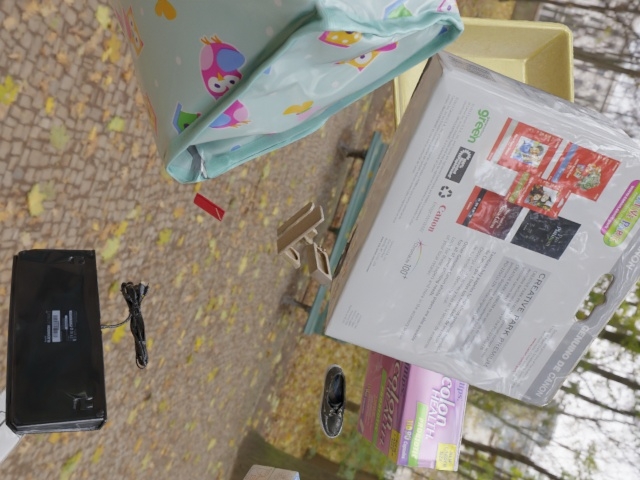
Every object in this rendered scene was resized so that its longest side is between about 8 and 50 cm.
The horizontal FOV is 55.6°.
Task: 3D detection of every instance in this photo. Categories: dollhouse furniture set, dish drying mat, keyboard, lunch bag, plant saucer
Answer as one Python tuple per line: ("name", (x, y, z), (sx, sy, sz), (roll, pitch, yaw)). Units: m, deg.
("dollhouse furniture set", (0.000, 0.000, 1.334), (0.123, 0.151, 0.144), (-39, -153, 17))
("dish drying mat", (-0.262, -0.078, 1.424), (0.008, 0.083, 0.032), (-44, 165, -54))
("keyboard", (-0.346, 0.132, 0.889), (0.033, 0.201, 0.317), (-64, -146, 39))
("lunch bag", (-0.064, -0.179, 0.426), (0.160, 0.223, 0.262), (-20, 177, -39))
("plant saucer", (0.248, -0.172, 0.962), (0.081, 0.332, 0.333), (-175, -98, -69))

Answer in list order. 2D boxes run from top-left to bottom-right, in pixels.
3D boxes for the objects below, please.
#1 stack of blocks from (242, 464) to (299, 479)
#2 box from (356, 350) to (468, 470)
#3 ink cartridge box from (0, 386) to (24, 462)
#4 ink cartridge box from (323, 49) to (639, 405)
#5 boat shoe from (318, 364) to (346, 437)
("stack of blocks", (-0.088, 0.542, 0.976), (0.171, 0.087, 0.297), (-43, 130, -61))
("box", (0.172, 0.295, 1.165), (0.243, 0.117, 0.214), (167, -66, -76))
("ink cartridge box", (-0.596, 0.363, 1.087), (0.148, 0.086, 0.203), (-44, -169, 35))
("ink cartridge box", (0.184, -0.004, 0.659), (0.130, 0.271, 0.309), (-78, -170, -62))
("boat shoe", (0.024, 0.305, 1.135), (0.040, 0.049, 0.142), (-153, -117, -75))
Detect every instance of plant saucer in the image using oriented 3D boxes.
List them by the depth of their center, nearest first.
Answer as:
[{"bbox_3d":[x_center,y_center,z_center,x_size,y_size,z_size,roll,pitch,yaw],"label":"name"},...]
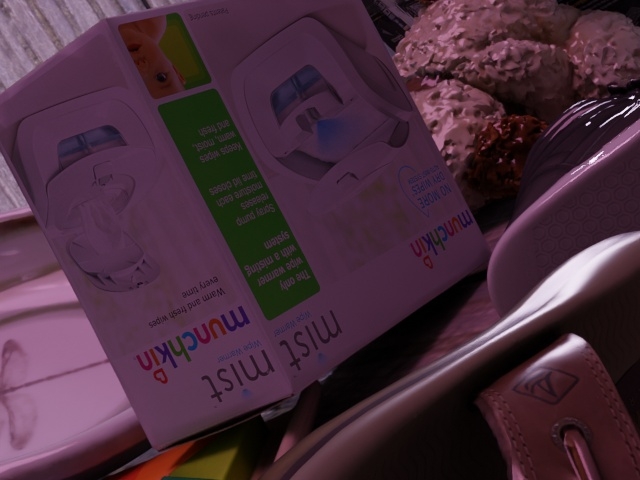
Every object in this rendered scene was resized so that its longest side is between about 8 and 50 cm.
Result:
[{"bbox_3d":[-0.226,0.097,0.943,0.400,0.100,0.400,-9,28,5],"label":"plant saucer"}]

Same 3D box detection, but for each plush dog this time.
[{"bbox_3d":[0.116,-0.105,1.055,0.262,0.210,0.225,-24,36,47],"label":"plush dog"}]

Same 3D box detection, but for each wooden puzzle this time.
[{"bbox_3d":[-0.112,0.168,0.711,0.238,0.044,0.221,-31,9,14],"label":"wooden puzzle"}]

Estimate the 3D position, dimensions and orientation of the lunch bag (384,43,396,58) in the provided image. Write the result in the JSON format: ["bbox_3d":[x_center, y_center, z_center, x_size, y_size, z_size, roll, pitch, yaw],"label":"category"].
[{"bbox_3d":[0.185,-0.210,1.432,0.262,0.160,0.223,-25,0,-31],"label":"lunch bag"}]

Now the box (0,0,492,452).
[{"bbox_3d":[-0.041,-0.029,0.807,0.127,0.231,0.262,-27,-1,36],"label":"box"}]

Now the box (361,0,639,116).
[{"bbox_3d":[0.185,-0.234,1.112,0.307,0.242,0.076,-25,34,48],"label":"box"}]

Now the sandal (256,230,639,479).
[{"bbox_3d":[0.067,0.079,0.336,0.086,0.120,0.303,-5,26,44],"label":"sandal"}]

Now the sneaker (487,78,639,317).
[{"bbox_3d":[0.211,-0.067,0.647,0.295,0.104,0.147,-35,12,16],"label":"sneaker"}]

* * *

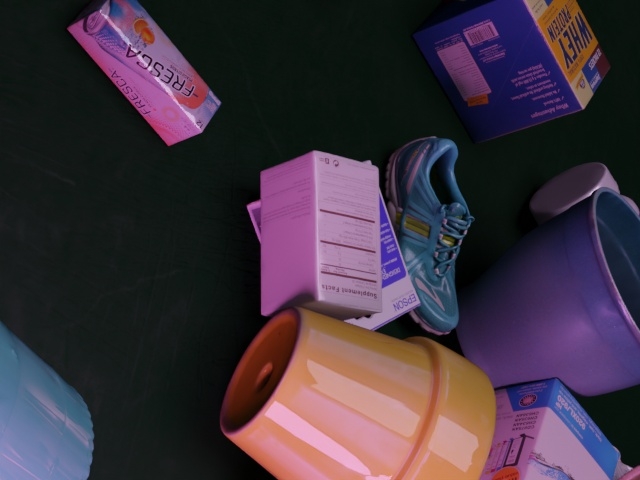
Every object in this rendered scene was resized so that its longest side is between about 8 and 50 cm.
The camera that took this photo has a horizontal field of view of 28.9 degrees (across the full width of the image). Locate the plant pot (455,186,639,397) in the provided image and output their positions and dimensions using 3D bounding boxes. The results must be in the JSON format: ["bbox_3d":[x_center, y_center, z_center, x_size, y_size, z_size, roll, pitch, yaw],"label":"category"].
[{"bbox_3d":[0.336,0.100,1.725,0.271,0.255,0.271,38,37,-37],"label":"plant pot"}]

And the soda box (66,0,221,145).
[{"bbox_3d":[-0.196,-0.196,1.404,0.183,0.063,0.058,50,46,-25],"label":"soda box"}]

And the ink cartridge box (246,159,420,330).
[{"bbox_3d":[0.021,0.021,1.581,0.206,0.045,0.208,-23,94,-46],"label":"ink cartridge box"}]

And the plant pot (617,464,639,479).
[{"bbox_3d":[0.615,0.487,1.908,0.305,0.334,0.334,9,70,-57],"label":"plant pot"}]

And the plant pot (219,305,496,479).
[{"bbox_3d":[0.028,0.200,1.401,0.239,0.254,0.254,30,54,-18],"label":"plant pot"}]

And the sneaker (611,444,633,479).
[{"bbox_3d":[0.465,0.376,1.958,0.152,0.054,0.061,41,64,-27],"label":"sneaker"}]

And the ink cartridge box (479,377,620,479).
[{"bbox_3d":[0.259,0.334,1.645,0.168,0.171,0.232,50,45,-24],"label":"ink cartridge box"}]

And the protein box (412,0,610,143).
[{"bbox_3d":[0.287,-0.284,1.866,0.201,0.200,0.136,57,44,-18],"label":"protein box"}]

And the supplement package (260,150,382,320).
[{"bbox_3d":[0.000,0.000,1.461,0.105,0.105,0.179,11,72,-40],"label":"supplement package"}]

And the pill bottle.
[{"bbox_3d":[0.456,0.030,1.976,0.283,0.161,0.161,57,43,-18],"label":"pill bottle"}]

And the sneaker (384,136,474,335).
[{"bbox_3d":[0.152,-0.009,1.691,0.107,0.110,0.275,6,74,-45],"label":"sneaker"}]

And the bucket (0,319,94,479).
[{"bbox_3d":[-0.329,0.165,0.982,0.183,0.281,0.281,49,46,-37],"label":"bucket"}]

• **Work to complete**:
Which lines above run from the one containing "The horizontal FOV is 55.6°." to the one containing "Task: 3D detection"? Give them again exactly, both ends included.

• **Output for this task**:
The horizontal FOV is 55.6°.
Task: 3D detection of every instance in this photo. Categories: dollhouse furniture set, dish drying mat, keyboard, lunch bag, plant saucer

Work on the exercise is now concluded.